Team handel - voorzieningenrechter
zaak- / rolnummer: C/09/509942 / KG ZA 16/530
Vonnis in kort geding van 10 juni 2016
in de zaak van
de publiekrechtelijke rechtspersoon
DE STAAT DER NEDERLANDEN (Ministerie van Infrastructuur en Milieu, het Directoraat-Generaal Rijkswaterstaat, en het Ministerie van Binnenlandse Zaken en Koninkrijkrelaties, het Rijksvastgoedbedrijf),
zetelende te Den Haag,
eiser,
advocaten mr. J. Hu te Utrecht en mr.

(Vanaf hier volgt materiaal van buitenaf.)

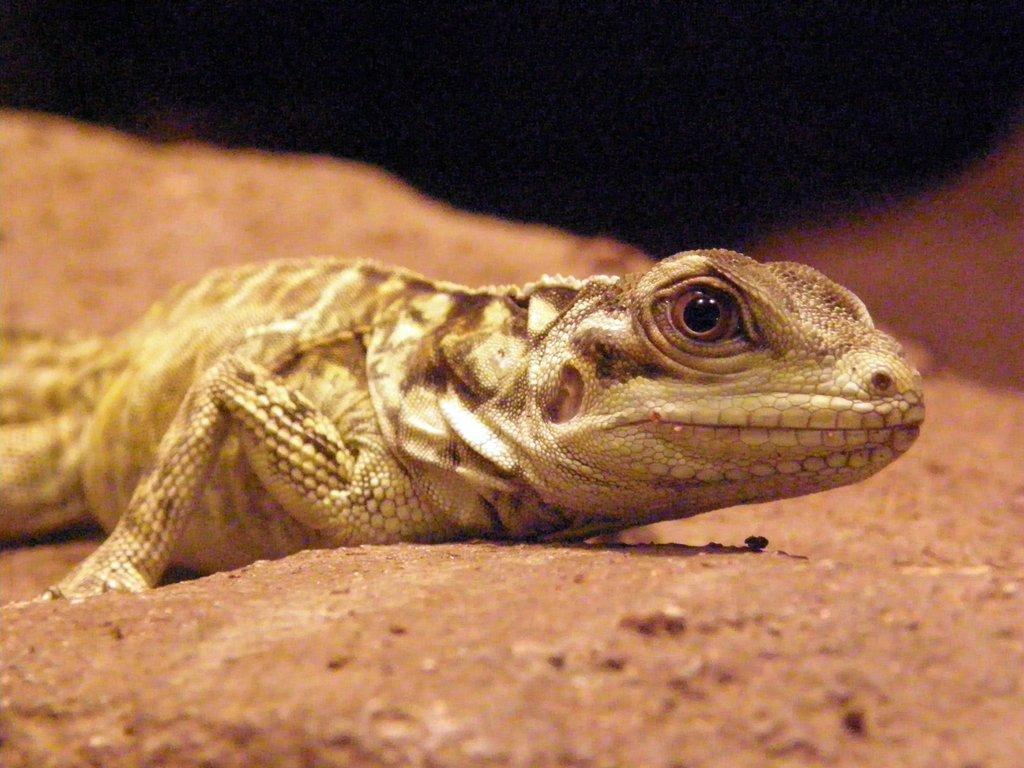What type of animal is in the image? There is a frog in the image. What colors can be seen on the frog? The frog is brown and cream in color. What is the frog resting on in the image? The frog is on a brown-colored surface. Are there any fairies flying around the frog in the image? There are no fairies present in the image; it only features a frog on a brown-colored surface. What type of fabric is the frog sitting on in the image? The image does not provide information about the material of the surface the frog is resting on, only its color. 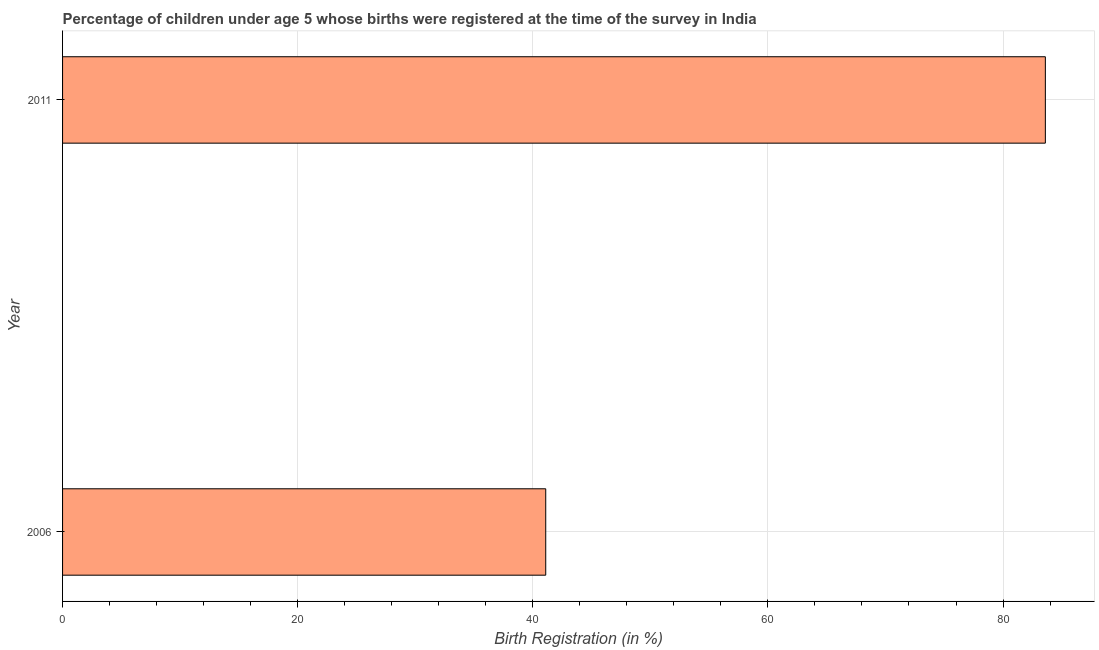Does the graph contain grids?
Your answer should be compact. Yes. What is the title of the graph?
Your response must be concise. Percentage of children under age 5 whose births were registered at the time of the survey in India. What is the label or title of the X-axis?
Your answer should be very brief. Birth Registration (in %). What is the label or title of the Y-axis?
Make the answer very short. Year. What is the birth registration in 2011?
Your response must be concise. 83.6. Across all years, what is the maximum birth registration?
Provide a short and direct response. 83.6. Across all years, what is the minimum birth registration?
Your answer should be compact. 41.1. In which year was the birth registration maximum?
Your answer should be compact. 2011. What is the sum of the birth registration?
Make the answer very short. 124.7. What is the difference between the birth registration in 2006 and 2011?
Offer a terse response. -42.5. What is the average birth registration per year?
Provide a succinct answer. 62.35. What is the median birth registration?
Ensure brevity in your answer.  62.35. Do a majority of the years between 2006 and 2011 (inclusive) have birth registration greater than 16 %?
Your answer should be very brief. Yes. What is the ratio of the birth registration in 2006 to that in 2011?
Provide a short and direct response. 0.49. Is the birth registration in 2006 less than that in 2011?
Your response must be concise. Yes. How many years are there in the graph?
Offer a terse response. 2. Are the values on the major ticks of X-axis written in scientific E-notation?
Offer a terse response. No. What is the Birth Registration (in %) of 2006?
Your response must be concise. 41.1. What is the Birth Registration (in %) in 2011?
Your answer should be compact. 83.6. What is the difference between the Birth Registration (in %) in 2006 and 2011?
Your response must be concise. -42.5. What is the ratio of the Birth Registration (in %) in 2006 to that in 2011?
Your answer should be very brief. 0.49. 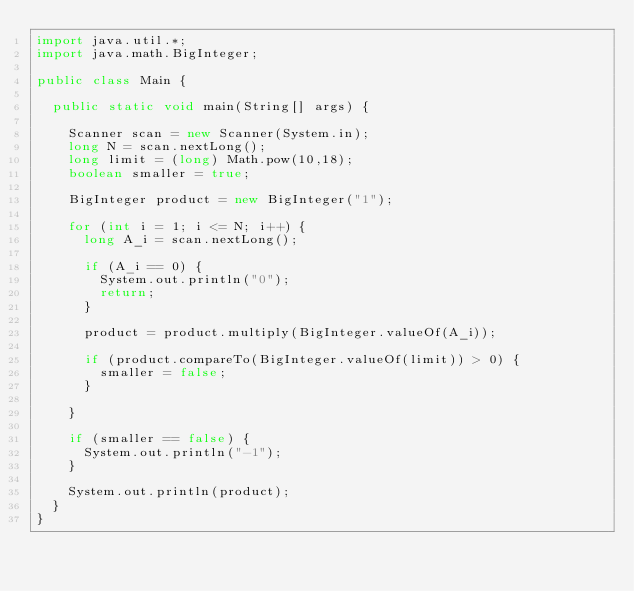<code> <loc_0><loc_0><loc_500><loc_500><_Java_>import java.util.*;
import java.math.BigInteger;

public class Main {
  
  public static void main(String[] args) {
    
    Scanner scan = new Scanner(System.in);
    long N = scan.nextLong();
    long limit = (long) Math.pow(10,18);
    boolean smaller = true;
    
    BigInteger product = new BigInteger("1");
    
    for (int i = 1; i <= N; i++) {
      long A_i = scan.nextLong();
      
      if (A_i == 0) {
        System.out.println("0");
        return;
      }
      
      product = product.multiply(BigInteger.valueOf(A_i));
      
      if (product.compareTo(BigInteger.valueOf(limit)) > 0) {
        smaller = false;
      }
      
    }
    
    if (smaller == false) {
      System.out.println("-1");
    }
    
    System.out.println(product);
  }
}
</code>

S.J. van Baasbank te Den Haag,
tegen:
de besloten vennootschap met beperkte aansprakelijkheid
BMS Netwerk Notarissen B.V.,gevestigd en kantoorhoudende te Leiden,
[gedaagde 2], wonende te [woonplaats] ,
gedaagden,
gedaagde sub 2 in persoon verschenen,
gedaagde sub 1 verschenen in de persoon van gedaagde sub 2.

1.De procedure

1.1.
Het verloop van de procedure blijkt uit:
- de dagvaarding met producties;
- de op 30 mei 2016 gehouden mondelinge behandeling.
1.2.
Ter zitting is vonnis bepaald op heden.

2.De feiten

Op grond van de stukken en het verhandelde ter zitting wordt in dit geding van het volgende uitgegaan.
2.1.
Eiser houdt zich onder meer bezig met de aan- en verkoop van onroerend goed voor overheidsdoeleinden. Gedaagde sub 1 is een notariskantoor, waar gedaagde sub 2 werkzaam is als notaris.
2.2.
In het kader van de aanleg van de rijksweg A4 Burgerveen-Leiden (hierna: het project) heeft eiser in 2000 onroerend goed aan dat tracé aangekocht van verschillende particulieren, waaronder het perceel, kadastraal bekend als Gemeente Leiderdorp, [sectie] , nummer [nr] (hierna: het gehele perceel). Dat perceel heeft eiser toen gekocht van de heer [X] (hierna: [X] ) en mevrouw [Y] . In de betreffende koopovereenkomst is in artikel 15 lid 4 opgenomen:
“dat wanneer het bij deze koopovereenkomst verworven perceel te gelegenertijd voor vrije verkoop (aan particulieren) in aanmerking komt, dit als eerste aan de verkoper zal worden aangeboden. De prijs en de voorwaarden waaronder dit geschiedt is ter beoordeling van de betrokken Domeindienst, thans de Regionale Directie Domeinen West te Leiden.”
(hierna: de aanbiedingsplicht).
2.3.
De bestemming van het gehele perceel is in 2012 gewijzigd van wonen naar groen.
2.4.
Eiser heeft het, nadat het project was geëindigd en het gehele perceel overtollig was verklaard, het gehele perceel op grond van de Regeling Materieel Beheer Rijksoverheid 2006 ter overdracht aangeboden aan (onder meer) de Gemeente Leiderdorp (hierna: de gemeente). Tussen hen is vervolgens een koopovereenkomst tot stand voor een deel van het gehele perceel. Het resterende deel van het perceel ter grootte van 1 are (hierna: het perceel) heeft eiser vervolgens te koop aangeboden op de vrije markt. Op 22 maart 2015 is tussen eiser en de heer en mevrouw [Z] (hierna: [Z] c.s.) een koopovereenkomst tot stand gekomen voor het perceel voor een bedrag van € 6.250,-, met als uiterste datum van levering 15 december 2015.
2.5.
Medio 2015 heeft [X] eiser gewezen op de aanbiedingsplicht. Eiser heeft het perceel daarna alsnog aan [X] aangeboden. Daarbij heeft eiser [X] onder meer i) uitgelegd waarom hij gehouden was het gehele perceel eerst aan de gemeente aan te bieden, ii) meegedeeld wat de nieuwe bestemming is van het perceel, en iii) meegedeeld dat [X] het perceel kan kopen voor hetzelfde bedrag als waarvoor eiser het perceel heeft verkocht aan [Z] c.s. (€ 6.250,-).
2.6.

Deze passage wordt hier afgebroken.